Start of MATERIALS PROVIDED

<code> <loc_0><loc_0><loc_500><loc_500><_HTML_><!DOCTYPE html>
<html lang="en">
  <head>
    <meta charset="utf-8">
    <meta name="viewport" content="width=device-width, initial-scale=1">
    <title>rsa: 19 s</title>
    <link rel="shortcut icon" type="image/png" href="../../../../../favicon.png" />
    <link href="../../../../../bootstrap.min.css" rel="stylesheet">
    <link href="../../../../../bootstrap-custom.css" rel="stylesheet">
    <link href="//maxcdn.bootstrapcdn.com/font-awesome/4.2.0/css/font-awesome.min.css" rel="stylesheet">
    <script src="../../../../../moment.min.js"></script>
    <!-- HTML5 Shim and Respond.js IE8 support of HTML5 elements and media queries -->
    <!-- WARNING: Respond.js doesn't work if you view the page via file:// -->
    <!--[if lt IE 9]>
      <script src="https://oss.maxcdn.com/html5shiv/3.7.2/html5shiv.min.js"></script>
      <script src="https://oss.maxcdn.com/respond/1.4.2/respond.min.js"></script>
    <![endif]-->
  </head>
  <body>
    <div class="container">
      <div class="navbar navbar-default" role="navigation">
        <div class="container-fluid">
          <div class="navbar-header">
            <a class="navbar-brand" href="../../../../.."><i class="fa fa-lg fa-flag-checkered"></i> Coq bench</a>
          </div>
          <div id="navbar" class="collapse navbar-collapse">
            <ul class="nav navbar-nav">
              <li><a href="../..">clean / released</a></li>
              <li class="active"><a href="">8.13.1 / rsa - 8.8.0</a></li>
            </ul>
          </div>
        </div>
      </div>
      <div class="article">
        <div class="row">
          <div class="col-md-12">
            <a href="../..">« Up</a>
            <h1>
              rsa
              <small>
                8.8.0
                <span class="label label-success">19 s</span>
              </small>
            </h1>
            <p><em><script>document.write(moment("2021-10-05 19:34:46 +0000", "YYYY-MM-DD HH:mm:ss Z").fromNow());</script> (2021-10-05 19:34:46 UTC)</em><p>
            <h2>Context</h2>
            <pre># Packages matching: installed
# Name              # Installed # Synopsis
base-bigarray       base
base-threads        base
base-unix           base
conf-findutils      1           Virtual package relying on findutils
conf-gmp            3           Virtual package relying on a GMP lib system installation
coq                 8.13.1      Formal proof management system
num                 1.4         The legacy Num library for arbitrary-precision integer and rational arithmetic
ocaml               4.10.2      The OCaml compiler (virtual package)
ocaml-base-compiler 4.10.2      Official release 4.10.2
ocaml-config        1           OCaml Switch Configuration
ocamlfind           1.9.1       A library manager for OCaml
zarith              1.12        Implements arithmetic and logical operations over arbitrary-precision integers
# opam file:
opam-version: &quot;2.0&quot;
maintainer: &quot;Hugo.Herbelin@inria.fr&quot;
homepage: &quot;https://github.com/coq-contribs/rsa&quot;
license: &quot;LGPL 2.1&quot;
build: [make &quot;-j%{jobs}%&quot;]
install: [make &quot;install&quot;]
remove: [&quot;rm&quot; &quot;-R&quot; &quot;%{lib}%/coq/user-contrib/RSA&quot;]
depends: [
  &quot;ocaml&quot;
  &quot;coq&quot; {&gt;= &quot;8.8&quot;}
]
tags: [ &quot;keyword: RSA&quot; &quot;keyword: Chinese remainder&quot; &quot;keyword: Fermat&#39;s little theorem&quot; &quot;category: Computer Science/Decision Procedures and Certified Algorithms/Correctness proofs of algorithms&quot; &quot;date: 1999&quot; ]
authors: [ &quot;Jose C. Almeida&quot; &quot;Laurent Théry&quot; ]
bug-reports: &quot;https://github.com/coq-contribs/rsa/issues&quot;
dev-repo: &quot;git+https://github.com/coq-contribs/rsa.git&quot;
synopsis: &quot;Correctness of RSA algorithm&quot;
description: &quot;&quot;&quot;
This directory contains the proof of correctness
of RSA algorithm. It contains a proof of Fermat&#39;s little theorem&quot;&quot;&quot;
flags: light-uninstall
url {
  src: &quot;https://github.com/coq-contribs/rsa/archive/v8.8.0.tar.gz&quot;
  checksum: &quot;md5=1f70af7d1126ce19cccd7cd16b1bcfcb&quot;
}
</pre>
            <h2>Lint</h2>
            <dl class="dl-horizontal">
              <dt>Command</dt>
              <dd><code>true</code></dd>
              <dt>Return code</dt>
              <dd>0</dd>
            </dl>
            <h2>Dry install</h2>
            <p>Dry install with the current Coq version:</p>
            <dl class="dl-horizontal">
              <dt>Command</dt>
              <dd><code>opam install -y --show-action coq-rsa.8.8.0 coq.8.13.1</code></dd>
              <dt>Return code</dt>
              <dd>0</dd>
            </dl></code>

End of MATERIALS PROVIDED

§ **THE TASK**: The word to find is "theorem". Copy every line of the data that holds it.

§ **WRITTEN SOLUTION**:
tags: [ &quot;keyword: RSA&quot; &quot;keyword: Chinese remainder&quot; &quot;keyword: Fermat&#39;s little theorem&quot; &quot;category: Computer Science/Decision Procedures and Certified Algorithms/Correctness proofs of algorithms&quot; &quot;date: 1999&quot; ]
of RSA algorithm. It contains a proof of Fermat&#39;s little theorem&quot;&quot;&quot;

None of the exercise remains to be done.